-- WORK REQUIRED --
Each line of the records below that holds "flower" should be returned.

[Records from a data collection]
++++++
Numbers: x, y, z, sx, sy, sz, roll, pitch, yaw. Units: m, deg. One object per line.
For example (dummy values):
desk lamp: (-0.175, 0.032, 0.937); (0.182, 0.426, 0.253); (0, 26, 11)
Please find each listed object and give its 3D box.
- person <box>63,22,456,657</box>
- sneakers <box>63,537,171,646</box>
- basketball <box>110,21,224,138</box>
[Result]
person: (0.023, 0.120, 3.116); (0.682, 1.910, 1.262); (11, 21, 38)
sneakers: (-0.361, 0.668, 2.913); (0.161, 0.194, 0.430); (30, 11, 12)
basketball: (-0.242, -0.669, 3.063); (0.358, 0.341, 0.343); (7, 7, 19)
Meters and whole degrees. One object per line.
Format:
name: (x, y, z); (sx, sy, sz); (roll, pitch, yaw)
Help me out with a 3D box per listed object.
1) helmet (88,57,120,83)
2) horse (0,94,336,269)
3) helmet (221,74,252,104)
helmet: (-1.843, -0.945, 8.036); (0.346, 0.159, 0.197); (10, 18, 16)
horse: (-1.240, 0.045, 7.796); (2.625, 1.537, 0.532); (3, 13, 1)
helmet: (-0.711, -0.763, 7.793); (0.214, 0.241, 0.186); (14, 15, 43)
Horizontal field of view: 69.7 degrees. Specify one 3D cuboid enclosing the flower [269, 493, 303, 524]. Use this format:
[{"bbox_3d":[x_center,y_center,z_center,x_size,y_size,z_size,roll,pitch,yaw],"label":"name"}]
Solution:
++++++
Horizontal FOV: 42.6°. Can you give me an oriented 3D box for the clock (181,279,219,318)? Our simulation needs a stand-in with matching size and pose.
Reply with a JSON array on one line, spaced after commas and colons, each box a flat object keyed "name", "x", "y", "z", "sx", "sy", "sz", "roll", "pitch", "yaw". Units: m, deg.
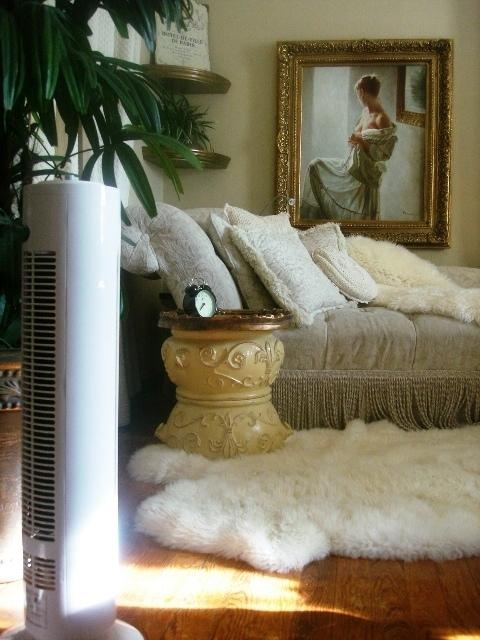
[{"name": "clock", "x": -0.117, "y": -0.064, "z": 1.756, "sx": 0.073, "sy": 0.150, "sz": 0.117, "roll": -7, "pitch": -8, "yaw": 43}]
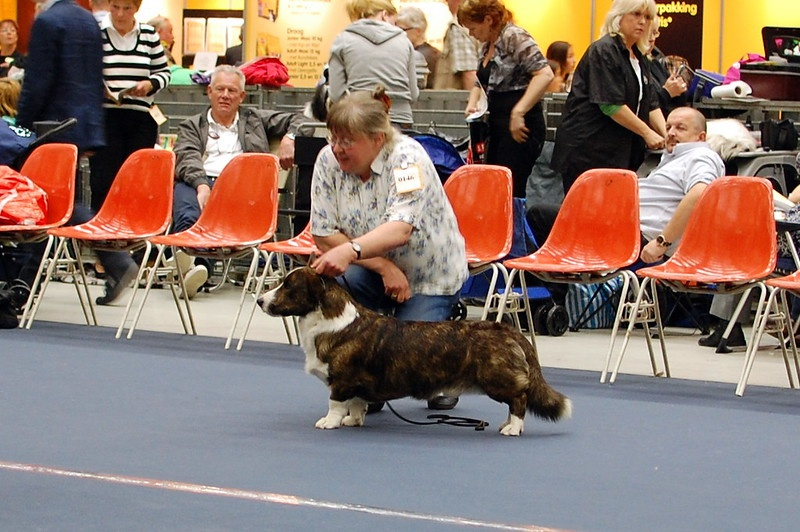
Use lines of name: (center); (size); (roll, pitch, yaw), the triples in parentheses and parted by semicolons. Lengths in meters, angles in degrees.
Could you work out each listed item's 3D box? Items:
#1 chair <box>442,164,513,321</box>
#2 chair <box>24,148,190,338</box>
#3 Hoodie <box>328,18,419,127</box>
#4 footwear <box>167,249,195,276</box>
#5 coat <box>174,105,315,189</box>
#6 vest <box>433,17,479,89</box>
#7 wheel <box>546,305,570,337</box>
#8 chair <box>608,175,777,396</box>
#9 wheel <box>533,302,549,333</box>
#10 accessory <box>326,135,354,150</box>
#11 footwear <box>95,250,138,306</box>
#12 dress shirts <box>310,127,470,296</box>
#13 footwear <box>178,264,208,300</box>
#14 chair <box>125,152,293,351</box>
++++++
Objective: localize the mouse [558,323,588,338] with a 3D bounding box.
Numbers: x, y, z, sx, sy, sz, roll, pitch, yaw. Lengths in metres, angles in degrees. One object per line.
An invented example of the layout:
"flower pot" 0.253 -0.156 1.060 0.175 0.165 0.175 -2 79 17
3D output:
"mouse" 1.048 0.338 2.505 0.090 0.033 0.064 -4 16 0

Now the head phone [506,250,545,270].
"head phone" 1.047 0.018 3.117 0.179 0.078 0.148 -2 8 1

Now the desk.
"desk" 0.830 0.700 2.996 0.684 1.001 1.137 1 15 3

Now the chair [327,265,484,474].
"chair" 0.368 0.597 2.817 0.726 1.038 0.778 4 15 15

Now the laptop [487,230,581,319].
++++++
-- RESULT --
Horizontal field of view: 69.7 degrees. Specify one 3D cuboid enclosing the flower [269, 493, 303, 524]. Use this format:
"flower pot" 0.253 -0.156 1.060 0.175 0.165 0.175 -2 79 17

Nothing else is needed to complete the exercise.